L’objection de conscience « n’est pas infidélité, mais au contraire fidélité à votre profession, si elle est valablement motivée », a déclaré le pape François aux participants au Congrès organisé par la Société italienne de Pharmacie hospitalière, ce jeudi 14 octobre 2021. Il a dénoncé « une mode » qui tendrait à vouloir supprimer l’objection de conscience. Il les a reçus dans la Salle Clémentine du Vatican.
Au cours de l’audience de ce jour avec les participants au Congrès organisé par la Société italienne de Pharmacie hospitalière, le pape François a indiqué trois pistes de réflexion concernant le travail de pharmacien hospitalier : la routine quotidienne et le service caché comme chemin de sainteté, le professionnalisme exigé face à des situations complexes et la dimension éthique de la profession sur le plan personnel et sur le plan social.
C’est sur la question éthique que le pape s’est davantage étendu. « Vous êtes toujours au service de la vie humaine », a-t-il souligné, rappelant l’importance de veiller constamment à ce que « l’objectif soit toujours la vie du patient dans son intégralité ». Et il a ajouté : « Cela peut comporter, dans certains cas, l’objection de conscience, qui n’est pas infidélité, mais au contraire fidélité à votre profession, si elle est valablement motivée ».
Sur le plan de la justice sociale, le pape a invité à être vigilant face à la culture du rebut, rappelant que le pharmacien n’est pas « un simple exécutant » : « La culture du rebut ne doit pas porter atteinte à votre profession », a-t-il affirmé.

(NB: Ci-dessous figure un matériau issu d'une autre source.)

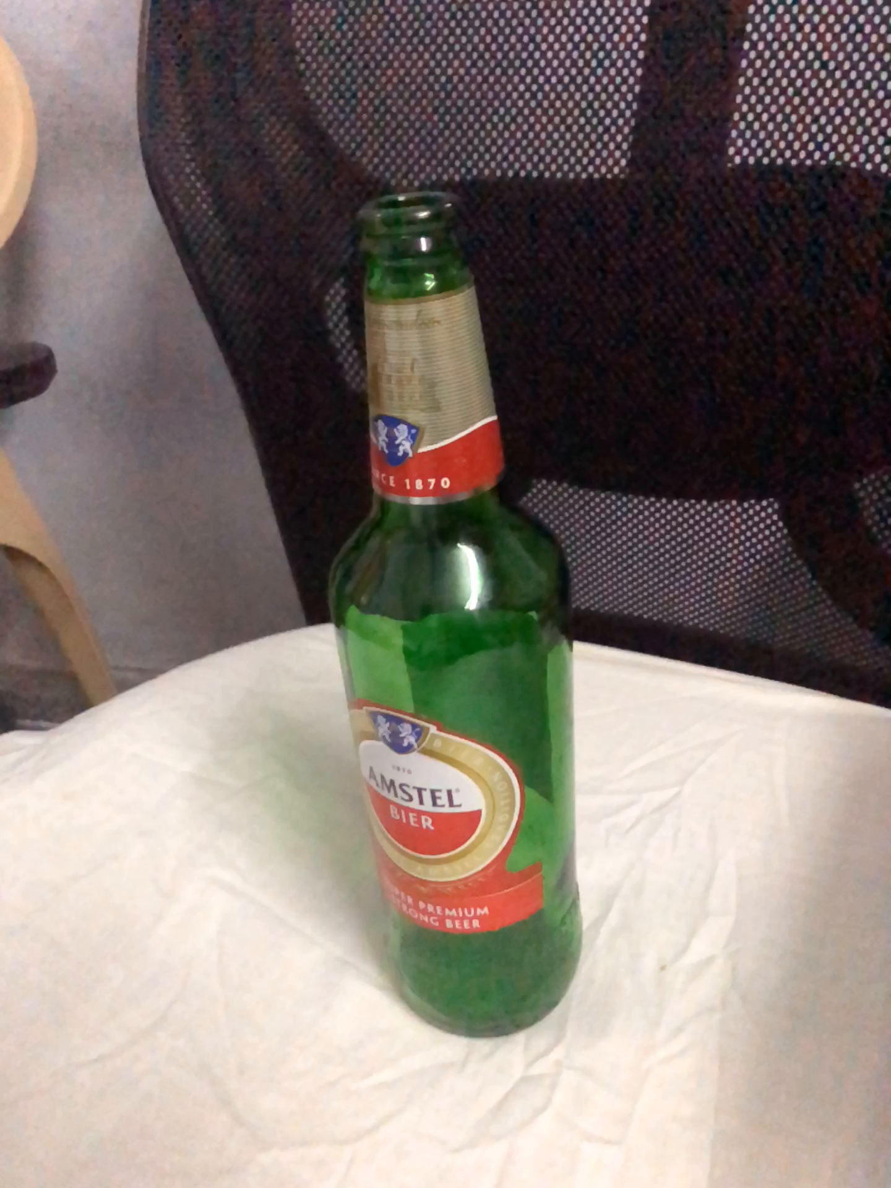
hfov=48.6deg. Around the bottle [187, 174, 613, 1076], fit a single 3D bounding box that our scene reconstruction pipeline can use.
[{"bbox_3d":[0.000,0.027,0.304,0.080,0.279,0.060,12,36,23],"label":"bottle"}]
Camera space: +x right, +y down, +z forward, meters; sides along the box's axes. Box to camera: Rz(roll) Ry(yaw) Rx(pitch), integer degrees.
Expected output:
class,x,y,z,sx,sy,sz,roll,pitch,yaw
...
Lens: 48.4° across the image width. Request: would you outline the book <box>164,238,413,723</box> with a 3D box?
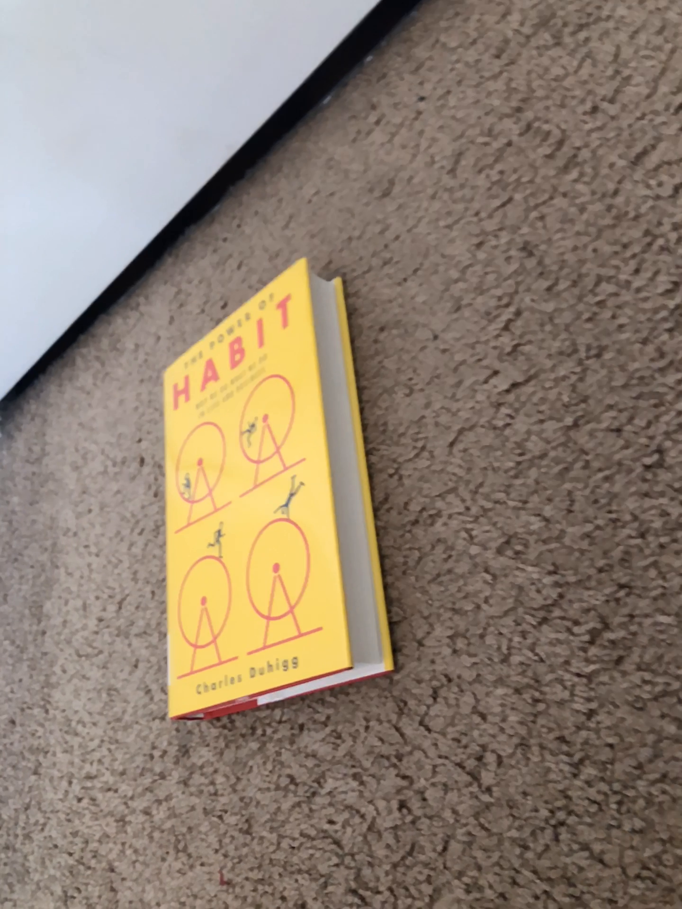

Il a rappelé que les stratégies sanitaires ne doivent pas être seulement « économiquement », mais également « éthiquement durables » et que « les critères de gestion et financiers ne sont pas le seul élément à prendre en considération ».
Voici notre traduction du discours du pape François prononcé en italien.
Allocution du pape
Chers frères et sœurs, bonjour et bienvenue !
Je remercie le président de la Société italienne de Pharmacie hospitalière et des Services pharmaceutiques des Etablissements sanitaires pour les paroles qu’il m’a adressées en votre nom à tous. Merci ! Vous êtes venus de toute l’Italie pour votre congrès, représentant différentes réalités. Ce congrès est avant tout l’occasion pour vous d’échanger des points de vue, mais c’est également une opportunité pour réaffirmer l’importance du système de santé publique national, élément incontournable pour garantir le bien commun et la croissance sociale d’un pays. Et tout cela dans le contexte de la pandémie, qui a changé et qui changera la façon de planifier, d’organiser et de gérer la salubrité et la santé. A ce propos, je voudrais vous indiquer trois pistes sur lesquelles poursuivre votre engagement.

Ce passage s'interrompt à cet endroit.